С николаевской кладбищенской церковью в Красноярске связывают и такой случай. В церкви этой епископ Лука служил и проповедовал по субботам и воскресеньям. Народу всегда было полно. Живого епископа с каких пор уже в городе не видывали. И вот однажды, во время проповеди, к церковным дверям с грохотом подлетел мотоцикл и солдат-вестовой полез через толпу с пакетом к Луке. Бабы на него, конечно, зашикали, заругались. Пакет же с печатями пошел по рукам и дошел до проповедника. Епископ прервал свое слово, открыл пакет, прочитал, что там было написано, и сказал: "Православные христиане! По законам нашей церкви пастырь не должен покидать во время службы и проповеди свое место. Но вот получил я письмо, где сказано, что солдат раб Божий такой-то умирает в госпитале и нуждается в моей епископской и врачебной помощи. Да простит меня Бог, и вы простите, христиане православные, но должен я поторопиться к этому раненому". Сошел Лука с амвона, сел в мотоциклетную коляску и умчался. А верующие прихожане решают его ждать. Ждали его всю ночь. А под утро он приехал уже на машине, взошел на амвон и возгласил: "Благодарение Богу, раненный на поле брани солдат раб Божий такой-то спасен". Что тут началось! Люди падали на колени, кто "многие лета" кричит, кто молится. Ну и он благодарственный молебен отслужил. Случай этот по всему городу скоро разнесся, и на фронт из Красноярска пошло много посылок с подарками и теплыми вещами для наших бойцов".
С именем архиепископа Луки у многих красноярцев, жителей Тамбова и Симферополя связаны воспоминания о счастливых исцелениях. В народной памяти Войно-Ясенецкий выступает чаще как неотразимый хирург, но в одном дошедшем до нас эпизоде он проявил себя, по всей видимости, неплохим психотерапевтом.
"Дело было в Сибири. В одном военном госпитале лежал контуженный молодой солдат. На фронте он потерял дар речи. Врачи ничего поделать не могли. И вот однажды идет профессорский обход. Впереди сам епископ. Спрашивает врача: "А тут кто у вас лежит?" Тот докладывает: так, мол, и так, больной, лишенный речи после контузии. Архиепископ рукой эдак повел, всех из палаты выпроводил и на край койки сел. Взял солдата за руку и спрашивает: "Хочешь научиться говорить?" Тот, конечно, кивает. "Ты женщину когда-нибудь любил?" Тот кивает. "Помнишь ли имя первой, самой первой своей любимой?" Солдат кивает головой. "Назови это имя". Солдат - и-их - не получается, не может он ничего выговорить. Лука тогда встал и говорит: "Каждый день с утра до вечера тверди это имя. И с этим именем к тебе вернется речь". Прошли сутки, вторые. Солдат старается, мычит, а имени выговорить не может. На третью ночь заснули все в палате, и вдруг будит солдата сосед: "Проснись, дурень, ты же кричишь. Таню какую-то поминаешь". Проснулся солдат и заговорил. Немоты как не бывало".
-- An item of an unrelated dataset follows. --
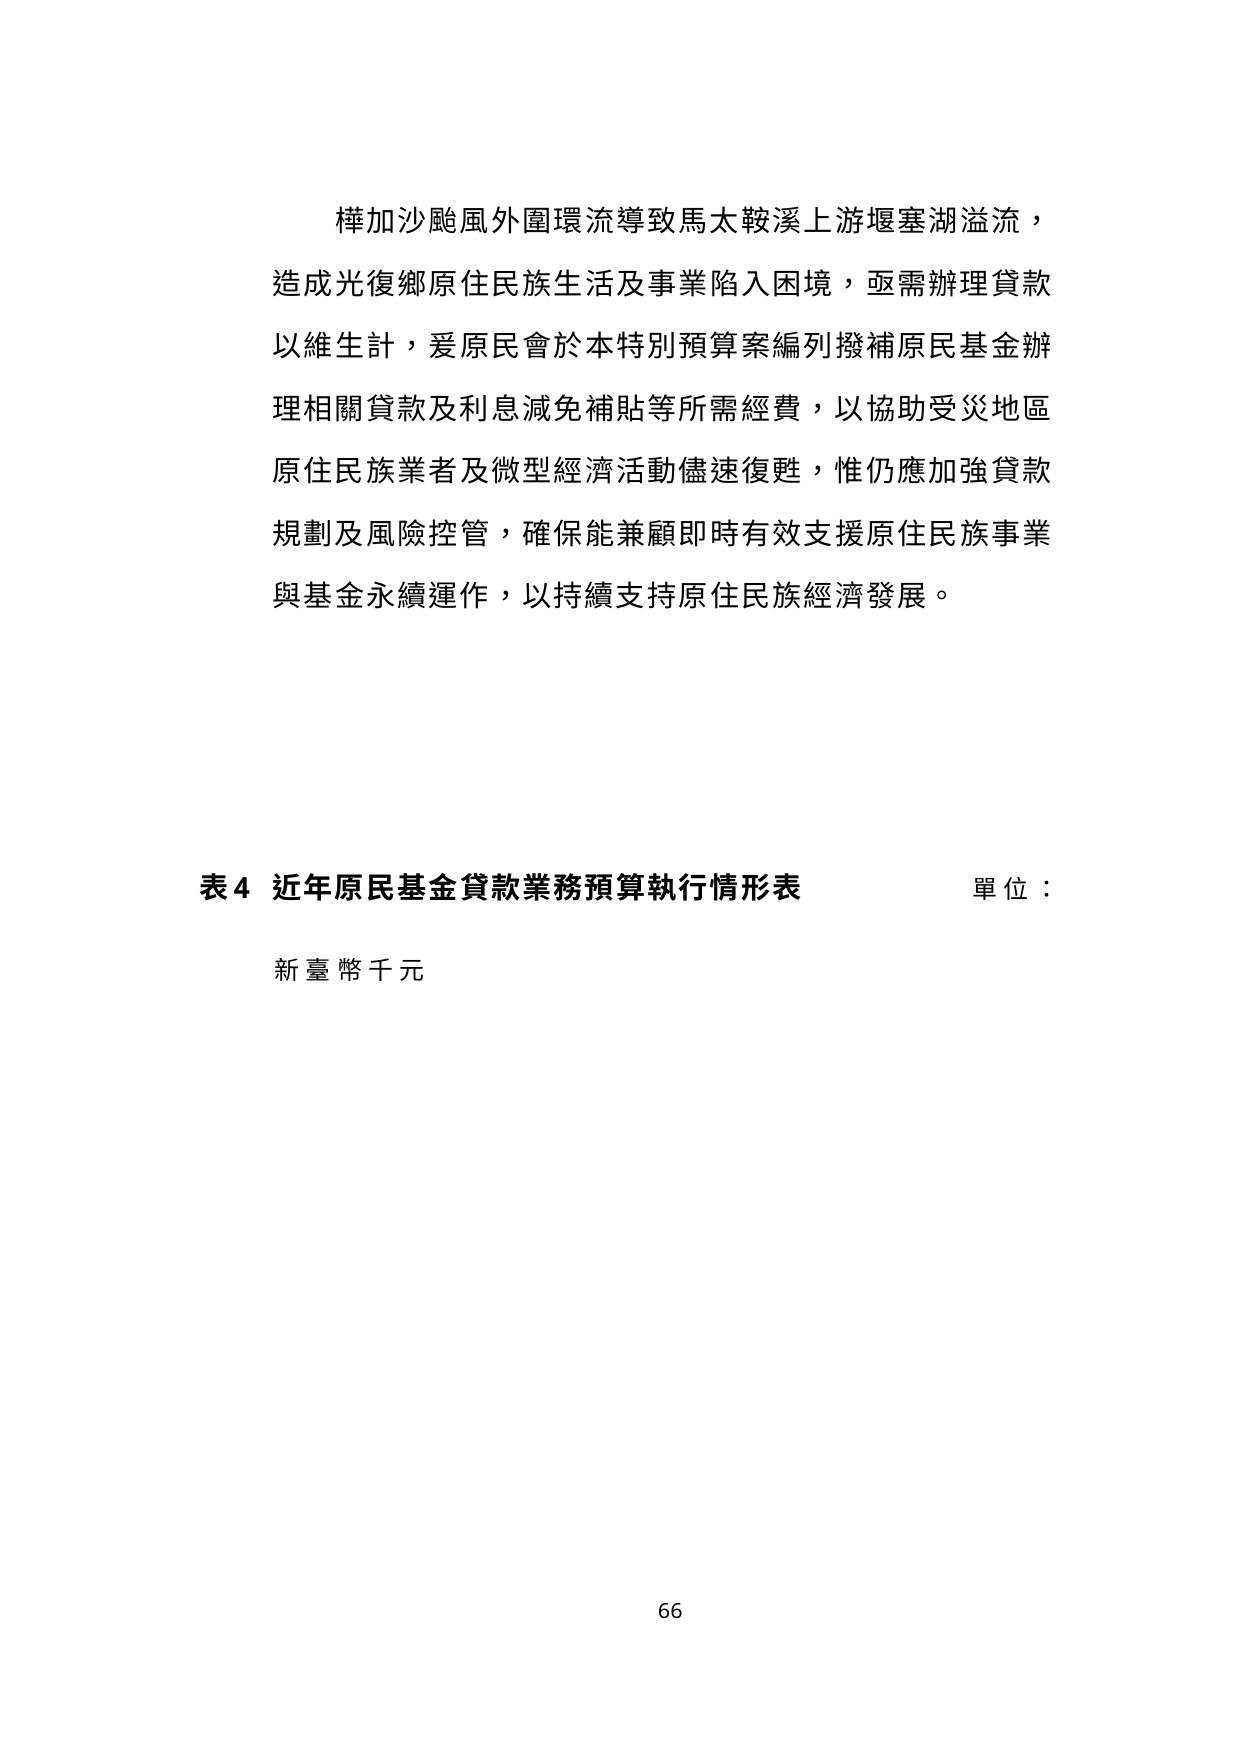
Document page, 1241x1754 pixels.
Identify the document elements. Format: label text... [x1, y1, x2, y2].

text 樺加沙颱風外圍環流導致馬太鞍溪上游堰塞湖溢流，造成光復鄉原住民族生活及事業陷入困境，亟需辦理貸款以維生計，爰原民會於本特別預算案編列撥補原民基金辦理相關貸款及利息減免補貼等所需經費，以協助受災地區原住民族業者及微型經濟活動儘速復甦，惟仍應加強貸款規劃及風險控管，確保能兼顧即時有效支援原住民族事業與基金永續運作，以持續支持原住民族經濟發展。 [266, 177, 1063, 615]
text 表4 近年原民基金貸款業務預算執行情形表 單位：新臺幣千元 [192, 802, 1063, 990]

А вот письмо из Тамбова. Со слов своей покойной подруги врача В. П. Дмитриевской учительница-пенсионерка О. В. Стрельцова описывает следующий эпизод:
"При обходе больных красноармейцев госпиталя Владыкой Лукой в качестве врача один больной красноармеец позволил себе обиду нанести ему, сказавзачем здесь ходит длинноволосый. И что же получилось: в тот же вечер этому обидчику было возмездие и вразумление. Ночью в двенадцать часов случился с ним смертельный приступ, который вразумил его, и он, больной, потребовал врача с просьбой вызвать к нему Профессора, то есть Владыку Луку.
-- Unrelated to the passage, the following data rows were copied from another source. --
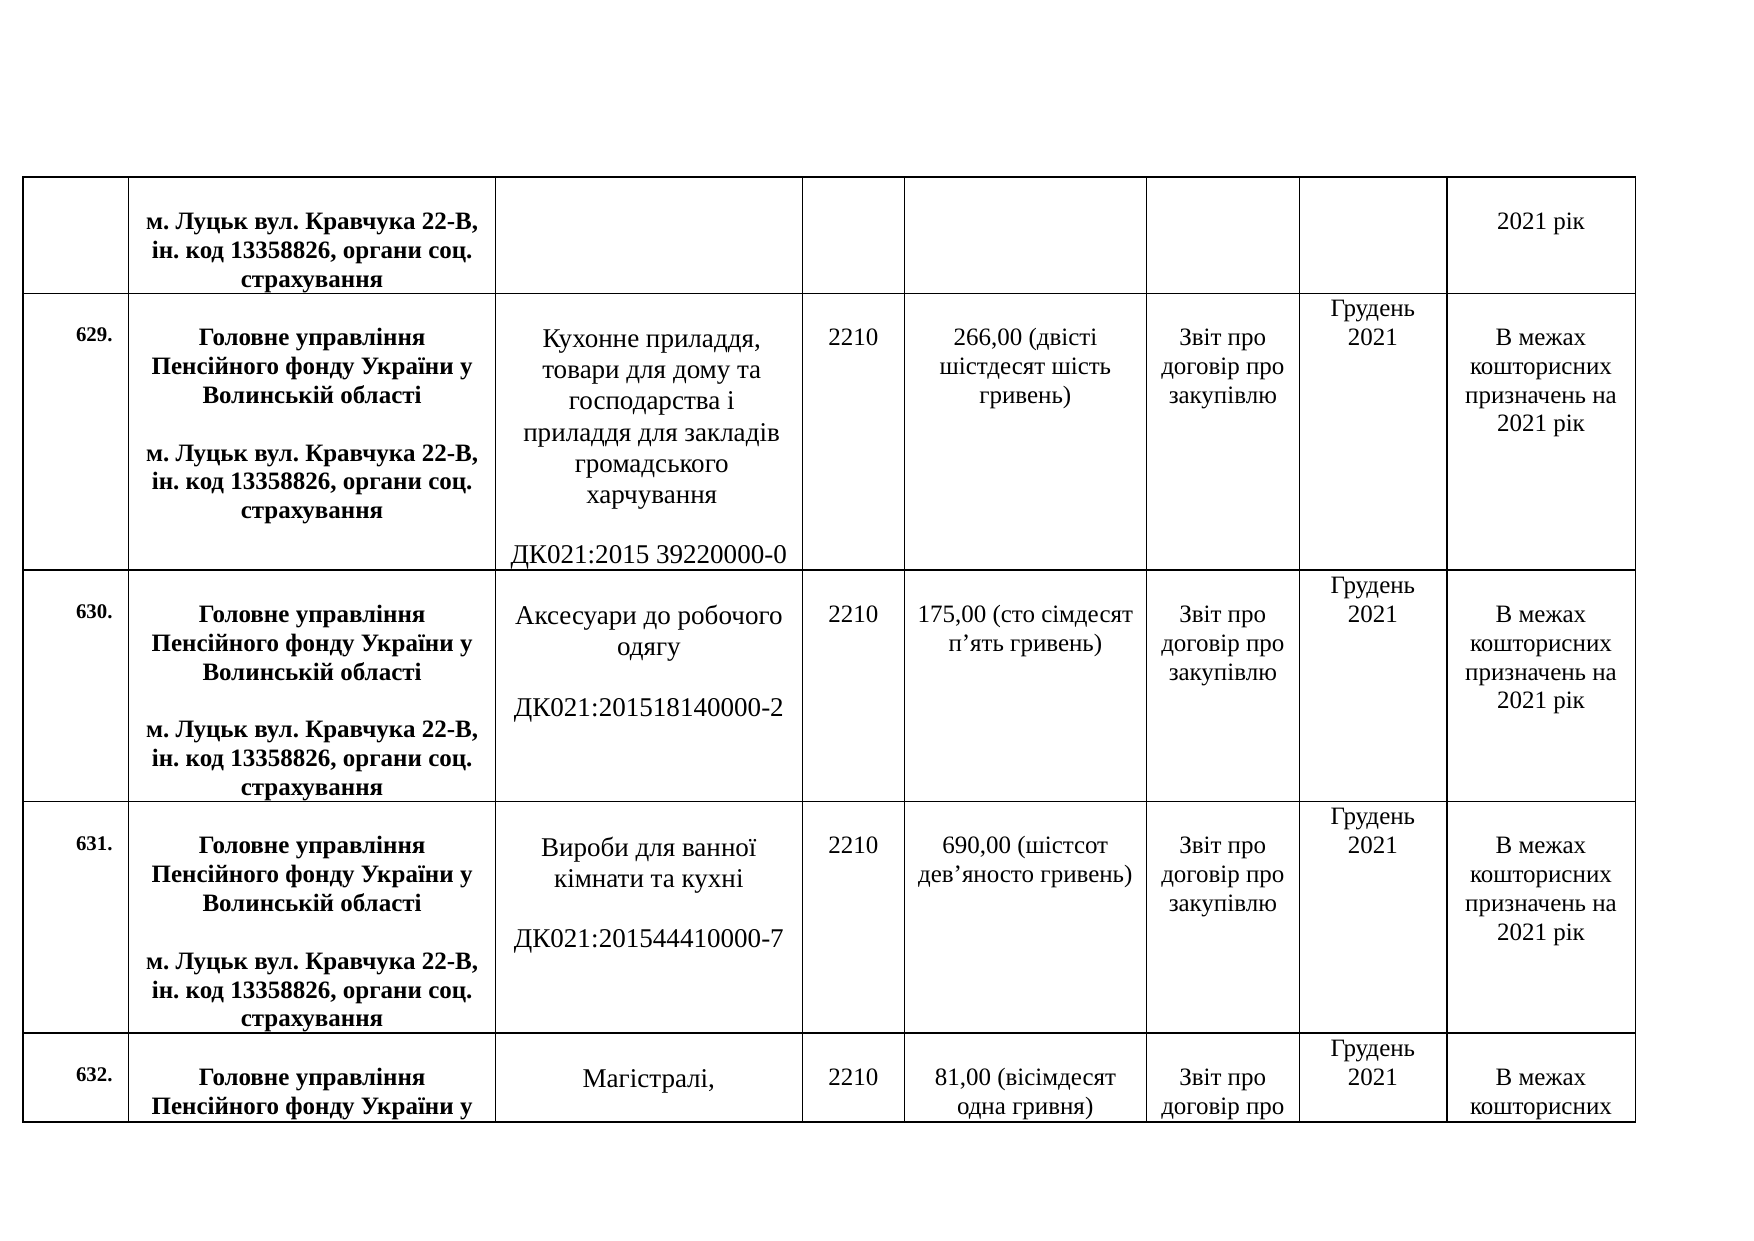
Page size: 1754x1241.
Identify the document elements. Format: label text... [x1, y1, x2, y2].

table_cell [24, 178, 128, 292]
table_cell В межах кошторисних [1448, 1034, 1635, 1121]
table_cell [803, 178, 904, 292]
table_cell Головне управління Пенсійного фонду України у Волинській області м. Луцьк вул. Кравчука 22-В, ін. код 13358826, органи соц. страхування [129, 294, 495, 569]
table_cell Кухонне приладдя, товари для дому та господарства і приладдя для закладів громадського харчування ДК021:2015 39220000-0 [496, 294, 802, 569]
table_cell [1300, 178, 1446, 292]
table_cell 81,00 (вісімдесят одна гривня) [905, 1034, 1146, 1121]
table_cell Магістралі, [496, 1034, 802, 1121]
table_cell Головне управління Пенсійного фонду України у [129, 1034, 495, 1121]
table_cell 690,00 (шістсот дев’яносто гривень) [905, 802, 1146, 1032]
table_cell [24, 294, 128, 569]
table_cell 2210 [803, 571, 904, 801]
table_cell Грудень 2021 [1300, 1034, 1446, 1121]
table_cell Вироби для ванної кімнати та кухні ДК021:201544410000-7 [496, 802, 802, 1032]
table_cell 266,00 (двісті шістдесят шість гривень) [905, 294, 1146, 569]
table_cell В межах кошторисних призначень на 2021 рік [1448, 571, 1635, 801]
table_cell Звіт про договір про закупівлю [1147, 802, 1299, 1032]
table_cell [24, 1034, 128, 1121]
table_cell 2210 [803, 802, 904, 1032]
table_cell Звіт про договір про [1147, 1034, 1299, 1121]
table_cell 2210 [803, 294, 904, 569]
table_cell м. Луцьк вул. Кравчука 22-В, ін. код 13358826, органи соц. страхування [129, 178, 495, 292]
table_cell Звіт про договір про закупівлю [1147, 571, 1299, 801]
table_cell В межах кошторисних призначень на 2021 рік [1448, 294, 1635, 569]
table_cell [1147, 178, 1299, 292]
table_cell [24, 571, 128, 801]
table_cell [905, 178, 1146, 292]
table_cell Головне управління Пенсійного фонду України у Волинській області м. Луцьк вул. Кравчука 22-В, ін. код 13358826, органи соц. страхування [129, 802, 495, 1032]
table_cell Звіт про договір про закупівлю [1147, 294, 1299, 569]
table_cell Грудень 2021 [1300, 802, 1446, 1032]
table_cell В межах кошторисних призначень на 2021 рік [1448, 802, 1635, 1032]
table_cell [24, 802, 128, 1032]
table_cell Аксесуари до робочого одягу ДК021:201518140000-2 [496, 571, 802, 801]
table_cell 175,00 (сто сімдесят п’ять гривень) [905, 571, 1146, 801]
table_cell 2210 [803, 1034, 904, 1121]
table_cell Головне управління Пенсійного фонду України у Волинській області м. Луцьк вул. Кравчука 22-В, ін. код 13358826, органи соц. страхування [129, 571, 495, 801]
table_cell [496, 178, 802, 292]
table_cell 2021 рік [1448, 178, 1635, 292]
table_cell Грудень 2021 [1300, 571, 1446, 801]
table_cell Грудень 2021 [1300, 294, 1446, 569]

Он приехал ночью же, вошел в палату к больному, который со слезами просил прощения у Владыки-Профессора за свою обиду и умолял спасти ему жизнь, так как он, больной, чувствовал уже приближение смерти. Владыка дал команду немедленно приготовить все к срочной операции. Принесли больного, подготовили к операции. Владыка, как обычно в таких случаях поступал, спросил больного, верует ли он в Бога, так как не профессор возвратит ему жизнь, а Бог рукой доктора.